DS:2005年、フロリダの自宅に伺って取材させてもらったんですが、覚えていますか?(2005年4月号にて掲載)
「もちろん。すごくいい1日だったね。もう10年も経つんだね」

DS:この時に丸1日密着して、アナタが世界最高のライダーだということがよく分かったんです。
「オー、サンキュー! 自分が世界で一番のライダーかどうかは分からないけど、勝利の数が多いライダーとは言えるかもしれないね」

DS:取材に対して非常にオープンで、全て見せてくれたのが印象的でした。
「僕はいつでもオープンだったし、プロになってからも常に周りの声を聞くようにしていたよ。そのすべてを受け入れられなくても、まずは聞くんだ。何かを学べるかもしれないからね。今の若いライダーにはそれが少し足りていないように思うね。アドバイスをくれる人たちというのはとても経験が豊富だし、僕も常に何かを学ぼうと思っていたんだ」

DS:アナタのお母さんのプロフェッショナルな姿勢も印象的でした。
「そうだね、常にママは僕に『ユー マスト ワークハード(一生懸命やりなさい)』という言葉を伝えていたよ。
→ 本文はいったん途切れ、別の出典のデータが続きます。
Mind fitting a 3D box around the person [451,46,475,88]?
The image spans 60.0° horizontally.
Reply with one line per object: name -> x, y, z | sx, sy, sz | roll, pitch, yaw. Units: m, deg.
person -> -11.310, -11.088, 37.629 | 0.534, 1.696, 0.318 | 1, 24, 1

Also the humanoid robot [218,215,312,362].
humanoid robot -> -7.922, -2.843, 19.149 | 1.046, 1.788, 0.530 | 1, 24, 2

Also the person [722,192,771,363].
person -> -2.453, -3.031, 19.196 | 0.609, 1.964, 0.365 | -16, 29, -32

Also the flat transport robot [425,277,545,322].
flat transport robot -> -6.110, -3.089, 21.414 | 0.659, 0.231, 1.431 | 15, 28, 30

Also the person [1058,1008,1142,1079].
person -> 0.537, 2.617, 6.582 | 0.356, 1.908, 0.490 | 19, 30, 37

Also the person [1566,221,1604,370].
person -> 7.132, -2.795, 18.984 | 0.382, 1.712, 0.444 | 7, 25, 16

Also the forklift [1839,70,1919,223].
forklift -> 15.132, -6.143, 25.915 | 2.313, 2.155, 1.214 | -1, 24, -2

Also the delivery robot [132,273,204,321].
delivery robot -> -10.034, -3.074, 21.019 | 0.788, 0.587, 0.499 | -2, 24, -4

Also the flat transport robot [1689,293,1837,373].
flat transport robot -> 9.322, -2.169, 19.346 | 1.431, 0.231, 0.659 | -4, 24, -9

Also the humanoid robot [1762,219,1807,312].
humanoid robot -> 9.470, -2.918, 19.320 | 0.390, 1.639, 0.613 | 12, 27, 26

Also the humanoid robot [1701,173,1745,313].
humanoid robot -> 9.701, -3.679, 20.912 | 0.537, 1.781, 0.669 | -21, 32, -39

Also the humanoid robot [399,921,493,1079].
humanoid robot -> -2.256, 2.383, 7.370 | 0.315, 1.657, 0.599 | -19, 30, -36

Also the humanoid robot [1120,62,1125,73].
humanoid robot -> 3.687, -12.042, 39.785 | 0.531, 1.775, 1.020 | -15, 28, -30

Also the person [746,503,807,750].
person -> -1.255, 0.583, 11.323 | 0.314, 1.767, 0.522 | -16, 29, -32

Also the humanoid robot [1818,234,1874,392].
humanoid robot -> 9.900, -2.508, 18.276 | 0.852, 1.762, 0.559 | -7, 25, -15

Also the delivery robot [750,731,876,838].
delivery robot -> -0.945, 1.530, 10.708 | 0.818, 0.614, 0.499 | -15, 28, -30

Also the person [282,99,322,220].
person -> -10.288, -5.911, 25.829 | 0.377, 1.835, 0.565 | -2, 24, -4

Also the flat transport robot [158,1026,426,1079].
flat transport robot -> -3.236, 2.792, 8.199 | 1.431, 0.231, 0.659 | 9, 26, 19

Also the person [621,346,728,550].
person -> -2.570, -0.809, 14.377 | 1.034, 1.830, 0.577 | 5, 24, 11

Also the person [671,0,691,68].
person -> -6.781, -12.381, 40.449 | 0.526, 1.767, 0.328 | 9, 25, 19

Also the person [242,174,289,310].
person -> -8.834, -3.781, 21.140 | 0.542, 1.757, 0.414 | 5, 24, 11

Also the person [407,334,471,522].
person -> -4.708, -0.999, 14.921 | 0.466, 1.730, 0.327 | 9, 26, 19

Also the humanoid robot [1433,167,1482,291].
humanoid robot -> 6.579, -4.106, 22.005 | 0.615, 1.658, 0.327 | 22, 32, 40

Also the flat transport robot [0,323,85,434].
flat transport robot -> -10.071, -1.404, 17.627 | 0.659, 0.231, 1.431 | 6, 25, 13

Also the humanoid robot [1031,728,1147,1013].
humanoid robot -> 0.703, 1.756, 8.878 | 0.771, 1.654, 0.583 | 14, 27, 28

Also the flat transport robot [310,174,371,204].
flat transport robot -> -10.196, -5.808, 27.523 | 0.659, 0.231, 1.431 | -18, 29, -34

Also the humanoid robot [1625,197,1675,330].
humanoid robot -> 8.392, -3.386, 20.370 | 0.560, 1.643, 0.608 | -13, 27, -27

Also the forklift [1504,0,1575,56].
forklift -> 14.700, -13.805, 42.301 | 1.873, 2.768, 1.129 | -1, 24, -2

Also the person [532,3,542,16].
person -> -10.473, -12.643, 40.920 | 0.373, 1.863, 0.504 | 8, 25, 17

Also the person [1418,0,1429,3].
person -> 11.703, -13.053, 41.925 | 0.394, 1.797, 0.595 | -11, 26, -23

とても小さい頃からずっと言っていたんだ。影響は大きかったね。RCU(リッキー・カーマイケル・ユニバーシティ)のようなコーナー練習も、6歳の時から週に5日、1時間くらいやっていたんだ。今では僕もこれは多すぎると思うよ(笑)。泣きながらやってたんだから!」

DS:アナタと両親との関係はモトクロスにおいてベストだと思ったんです。
「ありがとう。最近のライダー達はとても才能があるのに、両親や周りの意見にあまり耳を貸さないんだ。とても残念だね」。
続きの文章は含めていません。